Monthly revenue growth is a key performance indicator (KPI) used to measure how much a trampoline park’s monthly revenue has increased or decreased over the same month compared to the previous year. This is an important metric for understanding overall financial performance and can help indicate whether a trampoline park is meeting its financial goals.

Benefits of Tracking

Tracking monthly revenue growth can provide trampoline park owners with valuable insight into their financial performance. It is an important indicator of business health and can help owners identify areas of growth and opportunity.

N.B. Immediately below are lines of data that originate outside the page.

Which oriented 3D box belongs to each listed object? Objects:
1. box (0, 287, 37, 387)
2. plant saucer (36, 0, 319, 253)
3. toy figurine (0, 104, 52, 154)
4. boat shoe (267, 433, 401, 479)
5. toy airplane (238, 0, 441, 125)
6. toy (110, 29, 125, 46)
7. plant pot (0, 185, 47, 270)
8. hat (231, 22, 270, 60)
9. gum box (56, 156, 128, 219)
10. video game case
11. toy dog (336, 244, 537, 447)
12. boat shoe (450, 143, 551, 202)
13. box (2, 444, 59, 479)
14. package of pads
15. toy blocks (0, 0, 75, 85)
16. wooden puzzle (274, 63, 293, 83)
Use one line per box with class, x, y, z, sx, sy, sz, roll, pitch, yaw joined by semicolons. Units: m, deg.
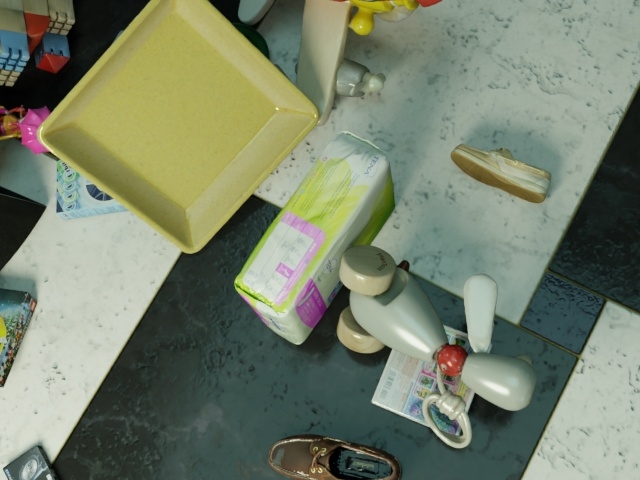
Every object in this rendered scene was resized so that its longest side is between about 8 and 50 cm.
box;-0.615;0.150;1.373;0.233;0.044;0.159;7;58;9
plant saucer;-0.225;-0.197;1.333;0.333;0.332;0.081;-47;29;5
toy figurine;-0.533;-0.195;1.448;0.159;0.130;0.173;-7;30;2
boat shoe;0.018;0.331;1.238;0.207;0.073;0.073;3;74;10
toy airplane;0.047;-0.442;1.409;0.386;0.272;0.384;-44;55;31
toy;-0.345;-0.278;1.477;0.136;0.056;0.237;8;56;22
plant pot;-0.614;-0.027;1.387;0.188;0.187;0.167;21;89;13
hat;-0.199;-0.321;1.405;0.173;0.183;0.209;6;76;18
gum box;-0.371;-0.125;1.450;0.184;0.041;0.157;-8;71;4
video game case;0.175;0.208;1.284;0.143;0.019;0.157;20;75;13
toy dog;0.173;0.122;1.222;0.333;0.220;0.161;44;49;11
boat shoe;0.299;-0.121;1.353;0.170;0.063;0.059;27;75;5
box;-0.459;0.381;1.312;0.067;0.018;0.083;-34;71;-3
package of pads;0.000;0.000;1.262;0.101;0.229;0.296;31;78;15
toy blocks;-0.588;-0.396;1.447;0.381;0.190;0.261;1;66;-38
wooden puzzle;-0.088;-0.274;1.476;0.078;0.014;0.116;-27;71;-6

  • Gives an indication of overall financial performance
  • Helps identify areas of growth and opportunity
  • Provides insight into financial trends

Industry Benchmarks

Industry benchmarks for monthly revenue growth vary depending on the size and type of trampoline park. Typically, for larger parks, 5-10% monthly revenue growth is considered good, while for smaller parks, it could be double that amount.

How to calculate

Monthly revenue growth is calculated by subtracting the same month’s revenue from the previous year from the current month’s revenue, then dividing that number by the same month’s revenue from the previous year. The formula is:

Monthly Revenue Growth = (Current Month Revenue – Previous Year Same Month Revenue) / Same Month Previous Year Revenue

Calculation example

For example, if a trampoline park’s revenue in January 2021 was ,000 and its revenue in January 2020 was ,000, its monthly revenue growth would be calculated as follows:

Monthly revenue growth = (,000 – ,000) / ,000 = 11.11%

Tips and tricks

  • Track monthly revenue growth over time to identify trends and adjust operations accordingly.
  • Compare monthly revenue growth to industry benchmarks to ensure the trampoline park is performing as expected.
  • Monitor monthly revenue growth alongside other KPIs, such as customer satisfaction and total visits, to get a more complete picture of business performance.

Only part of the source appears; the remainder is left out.